DATASET START
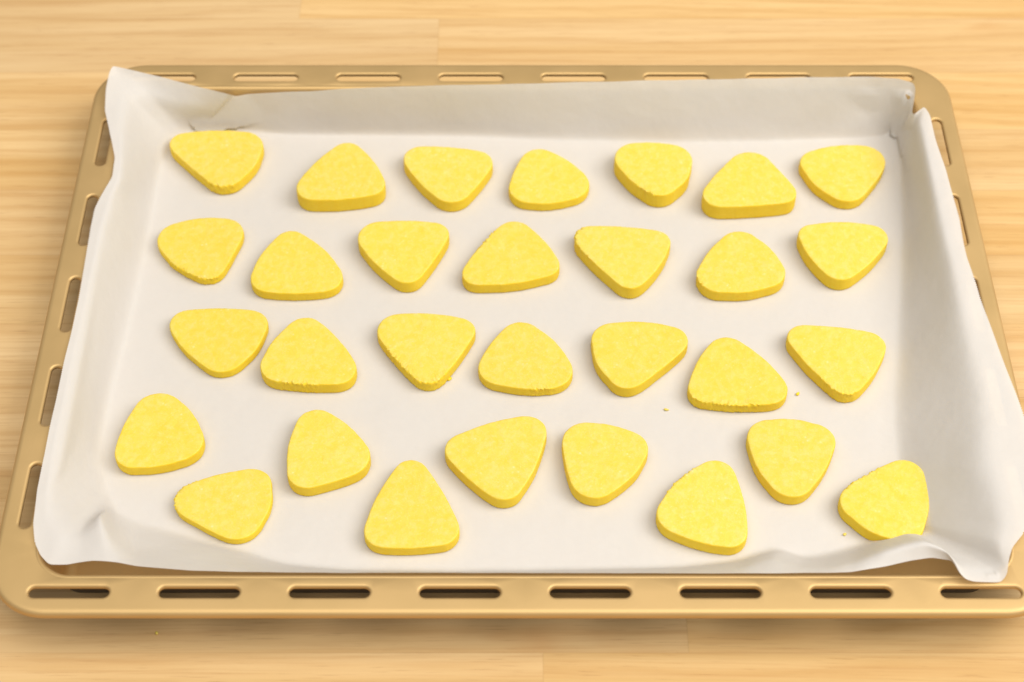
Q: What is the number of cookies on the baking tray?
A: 30
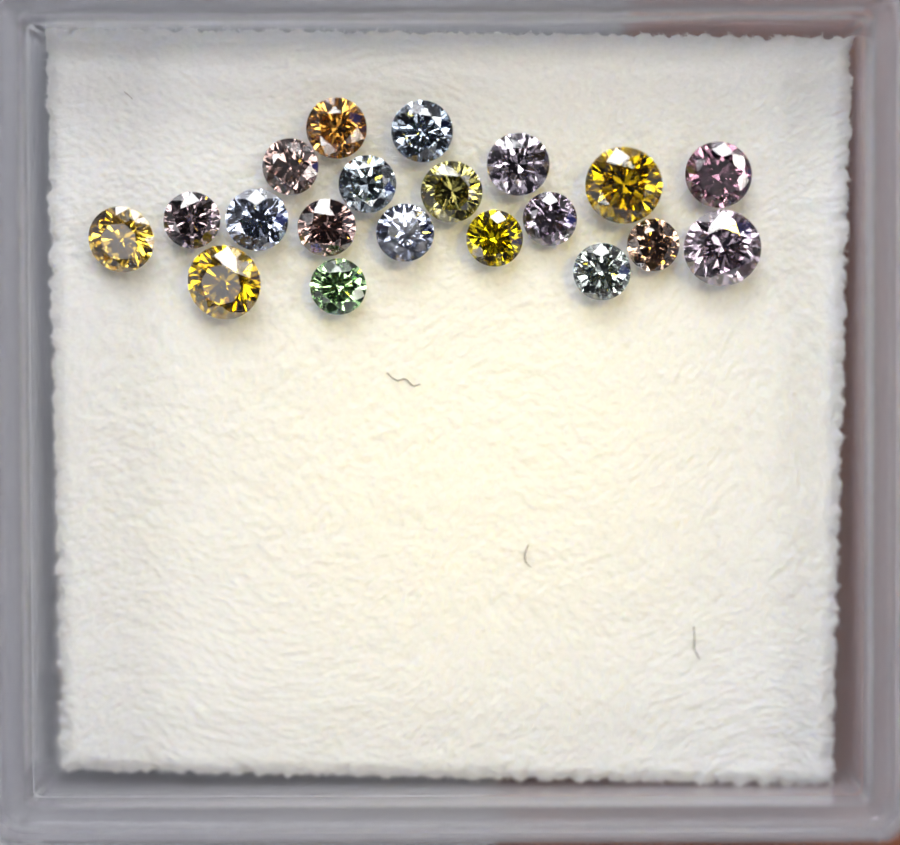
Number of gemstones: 20
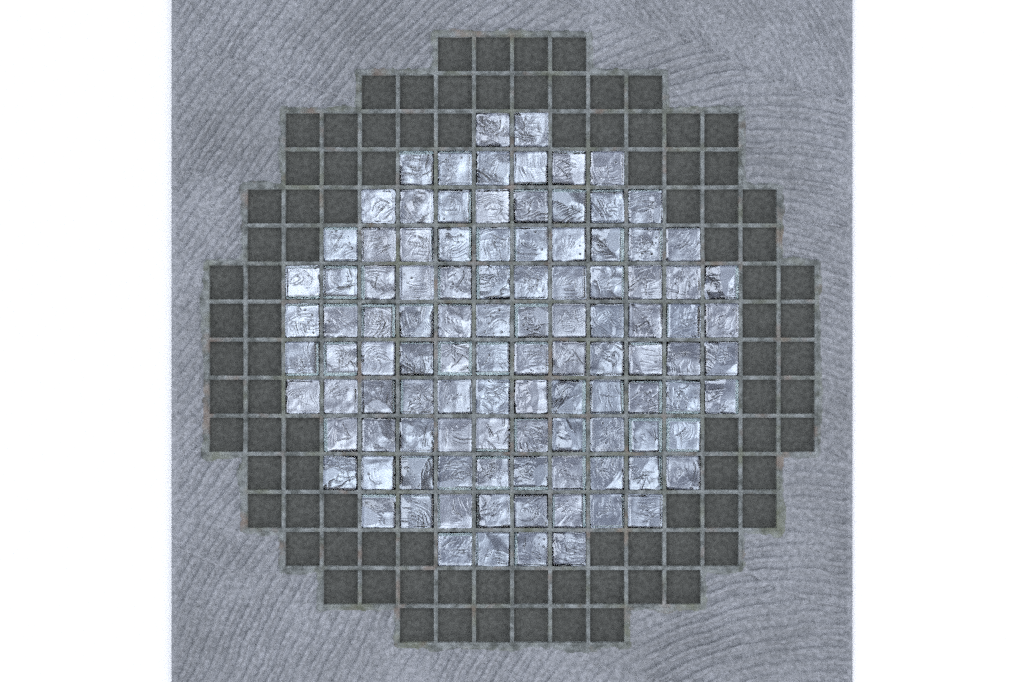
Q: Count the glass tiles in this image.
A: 106
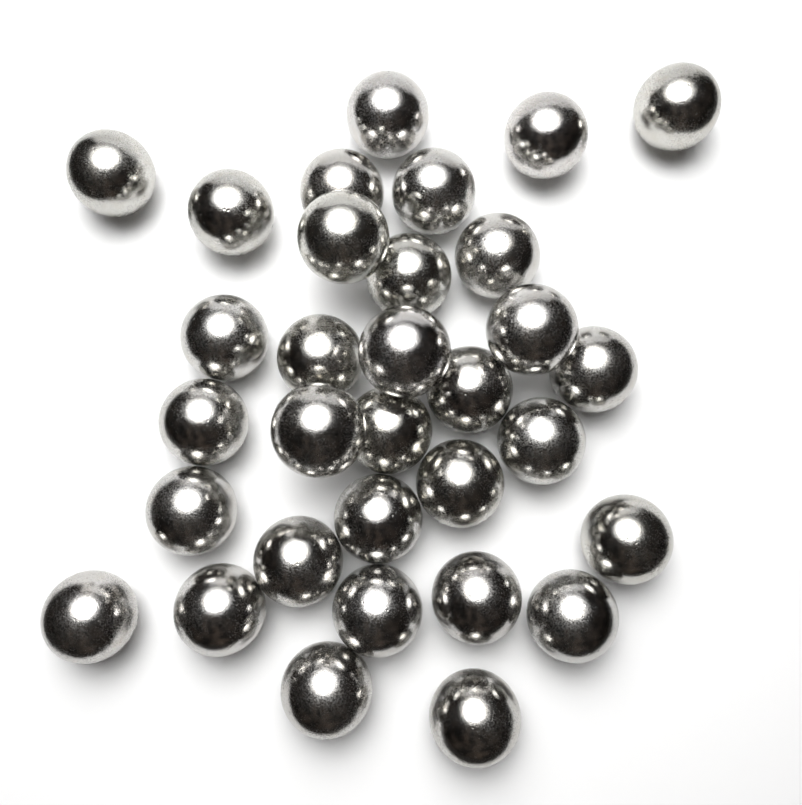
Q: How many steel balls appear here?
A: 32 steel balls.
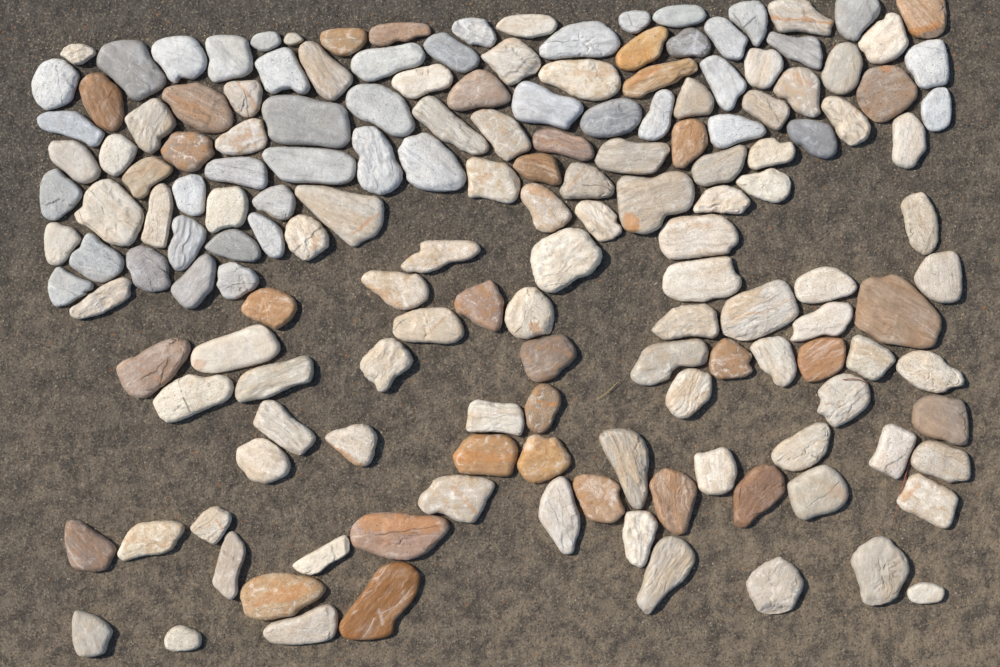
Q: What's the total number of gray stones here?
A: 43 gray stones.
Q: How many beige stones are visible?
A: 88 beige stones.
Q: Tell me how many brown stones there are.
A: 32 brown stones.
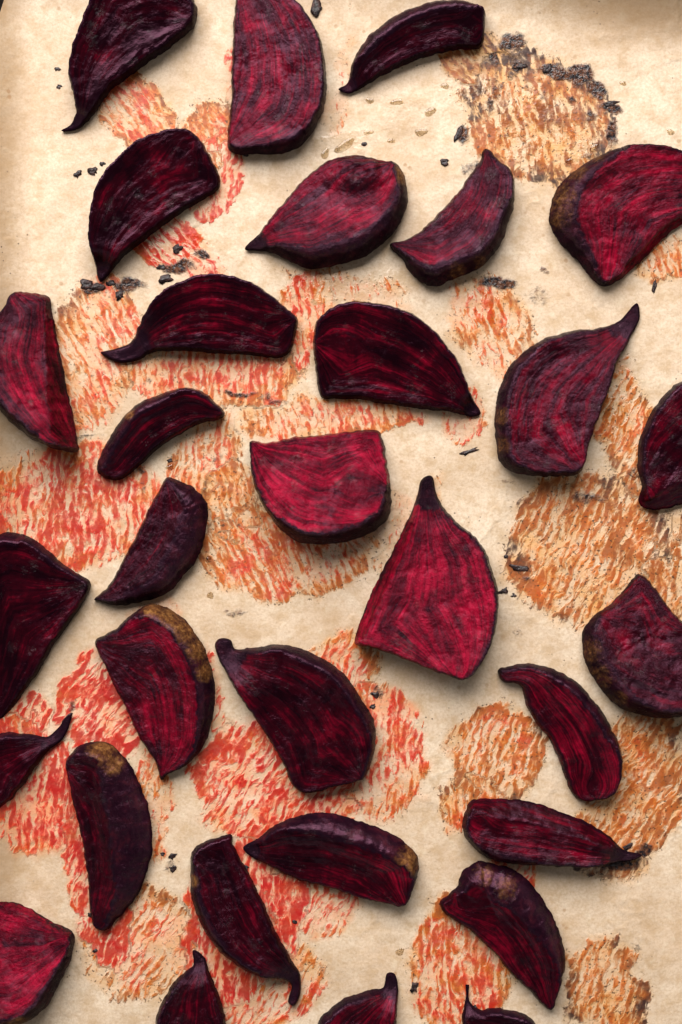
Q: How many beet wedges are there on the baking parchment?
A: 31
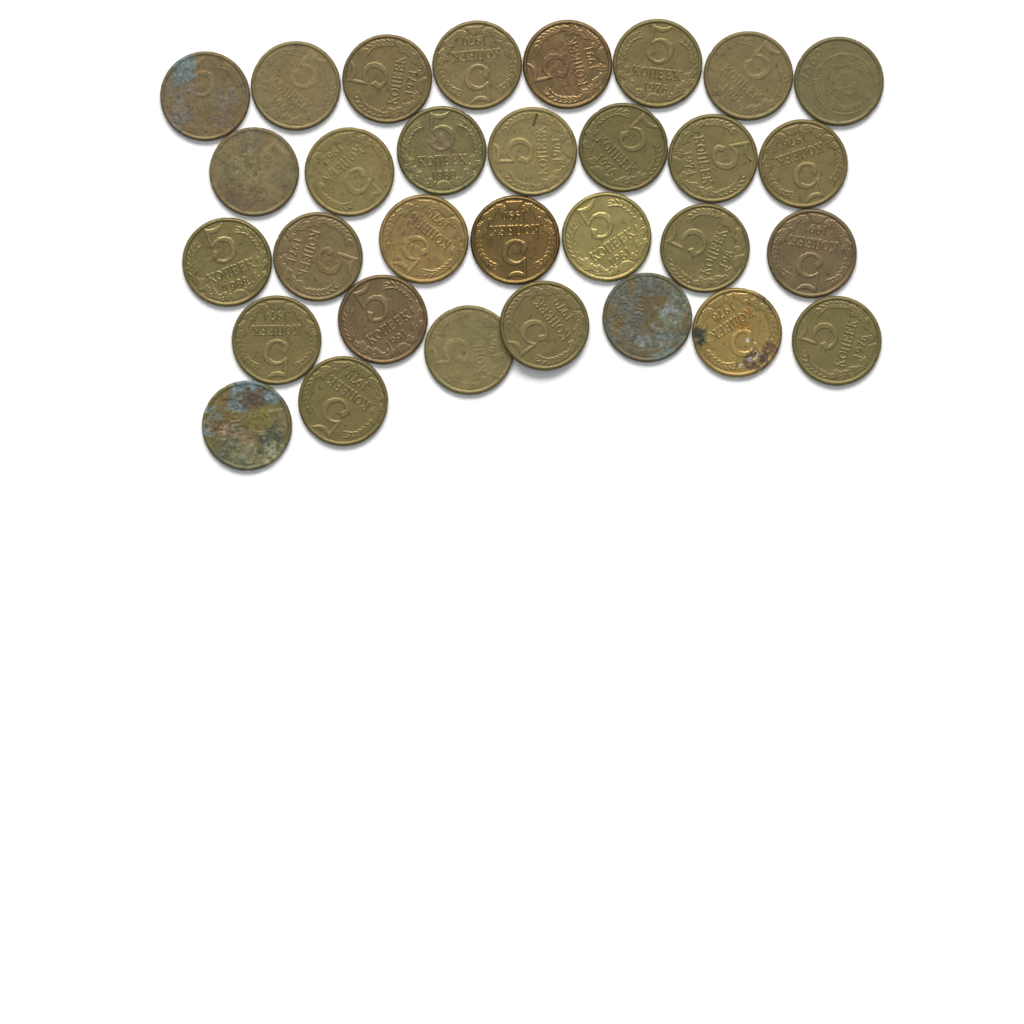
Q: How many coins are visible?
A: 31
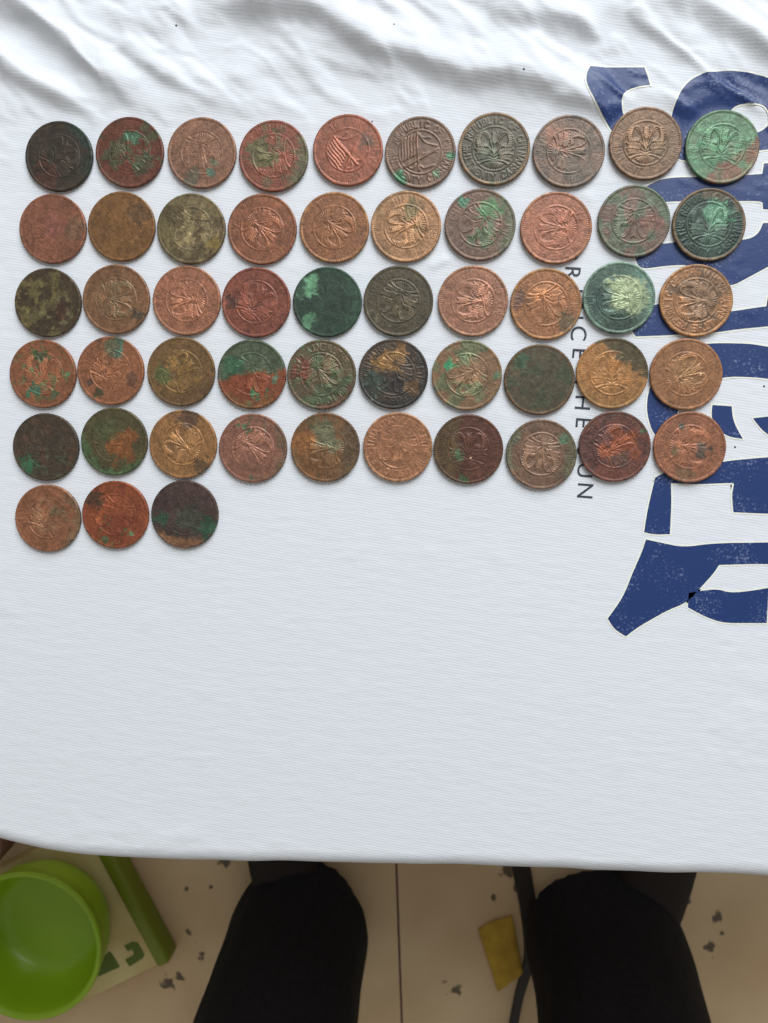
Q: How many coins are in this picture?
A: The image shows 53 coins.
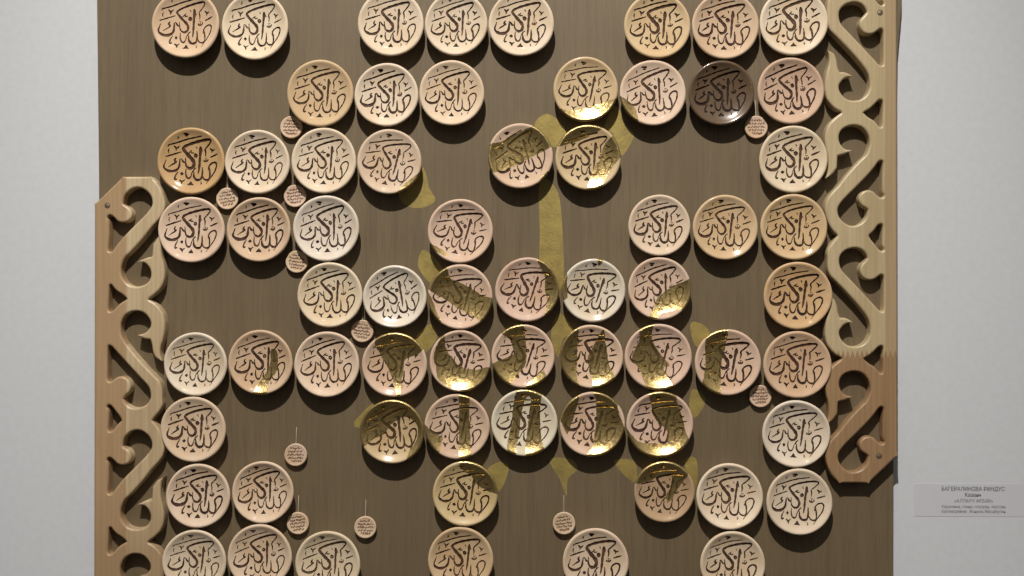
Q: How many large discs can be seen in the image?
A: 65
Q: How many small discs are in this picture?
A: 11
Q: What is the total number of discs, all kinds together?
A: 76
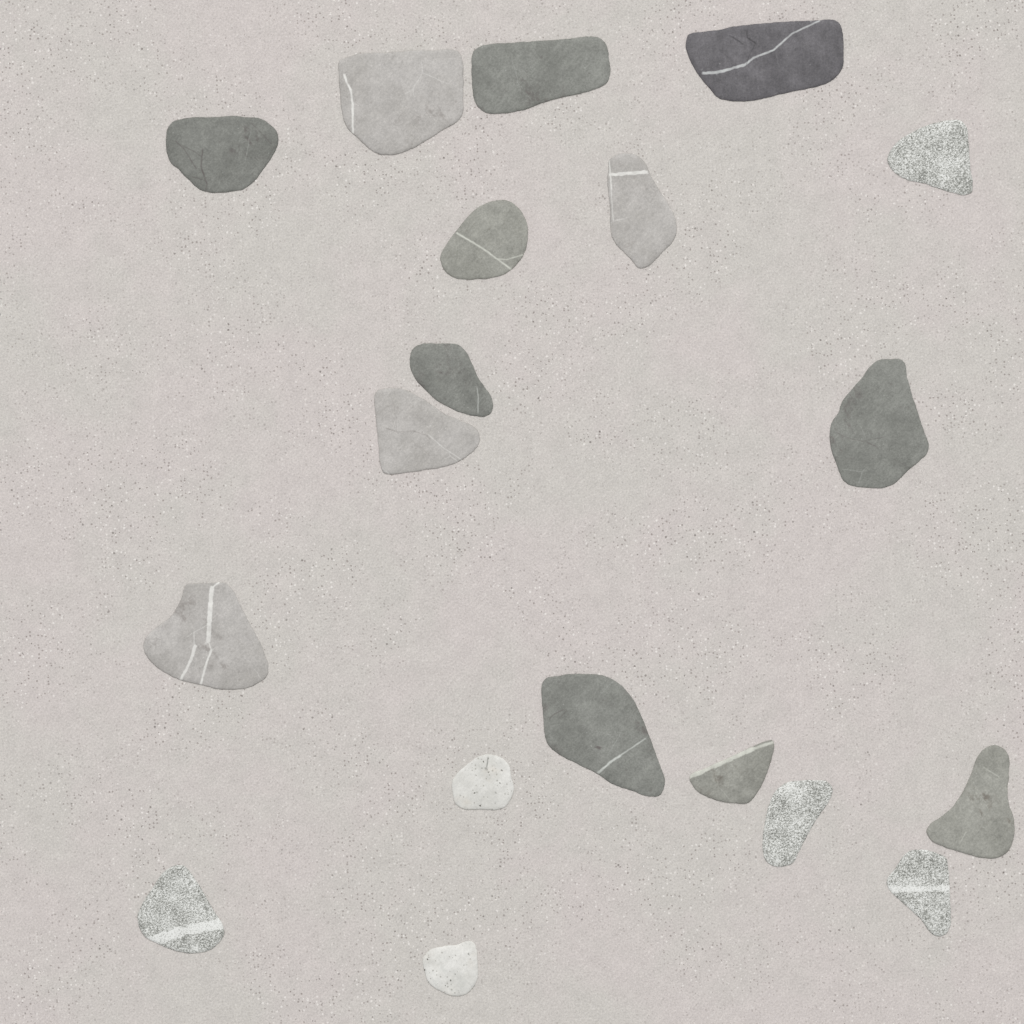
DATASET END
● PROBLEM REQUIREMENTS
Quote, without alteration, the lines running from the line containing "Q: Tell me how many brown stones there are." to the last line of the entries, and include no pictures.

● WORKED SOLUTION
Q: Tell me how many brown stones there are.
A: 32 brown stones.
Q: How many beet wedges are there on the baking parchment?
A: 31
Q: How many coins are visible?
A: 31
Q: How many coins are in this picture?
A: The image shows 53 coins.
Q: How many large discs can be seen in the image?
A: 65
Q: How many small discs are in this picture?
A: 11
Q: What is the total number of discs, all kinds together?
A: 76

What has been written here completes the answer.